Фогельзанг и Нельсон раскланиваются.

Мистер Нельсон — компаньон моего сына Отто: крашеная древесина, фернамбуковое дерево, кампешевое и т. д. и т. п.

Б о м с т. Совершенно очаровательно.

Ц и г е н х а л ь с. Я слышу, мистер Нельсон, фернамбуковое дерево? А вы не родственник… Это вы должны объяснить мне подробнее.

Цигенхальс и Нельсон увлечены беседой.

Т р а й б е л ь (отводит Фогельзанга в сторону). Две дамы из нашего избирательного округа. Они живут при дворе и могут оказать нам полезные услуги.

Ф о г е л ь з а н г. При дворе?

Т р а й б е л ь. В своих имениях, разумеется. Своих людей держат в руках. Кроме того, не забывайте о влиянии. Цигенхальс действительно кузина главы правительства Цоссена, а брат госпожи Бомст с дочкой пастора из-под Шторкова…

М ю т ц е л ь (слева). Господин камерный певец Крола!

Входит  К р о л а  и тут же торопливо подходит к Женни, чтобы поцеловать ей руку.

Х е л е н е. Умело выбрал момент. Он думает, что пришел последним и что все ждали только его.

К р о л а. Клеветница. Я в полном отчаянье, дорогая советница! Последний! Как я мог допустить такое?. Я летел…

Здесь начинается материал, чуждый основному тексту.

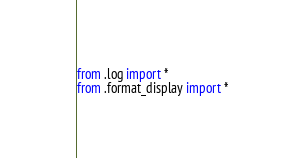Convert code to text. <code><loc_0><loc_0><loc_500><loc_500><_Python_>from .log import *
from .format_display import *</code>

Ж е н н и. …как на крыльях песни…

К р о л а. Что вы говорите, любезнейшая. И вот пришлось меня ждать. Мне стыдно.

Ж е н н и. Это вам к лицу, почтеннейший, но вы отнюдь не последний. Мы ждем еще двух гостей.

К р о л а (разочарованно). Не последний? Я в отчаянье.

Т р а й б е л ь. Успокойтесь, дорогой Крола, и обойдите гостей. (Громко, обращаясь ко всем). Прибыл господин камерный певец Крола!

Аплодисменты.

К р о л а (польщенный, шутливо отмахивается). Не надо, почтеннейшие! Не надо, прошу вас! (Пожимает множество рук.)

Т р а й б е л ь (знакомит). Мистер Нельсон.

К р о л а. Очень рад. Смею вас спросить, вы не…

Н е л ь с о н. Вы камерный певец — почему вы?

Т р а й б е л ь. Лейтенант Фогельзанг.

К р о л а. Честь имею, господин лейтенант.

Ф о г е л ь з а н г. Вы знаете марш финляндской кавалерии?

К р о л а. Любезный лейтенант…

Ф о г е л ь з а н г. Значит, не знаете. Вам, артистам, не хватает военной жилки.

К р о л а. Наше поле боя — сцена. Вы знаете Тамино?

Ф о г е л ь з а н г. Никогда не слышал.

К р о л а. Скажу лишь два слова: «Волшебная флейта».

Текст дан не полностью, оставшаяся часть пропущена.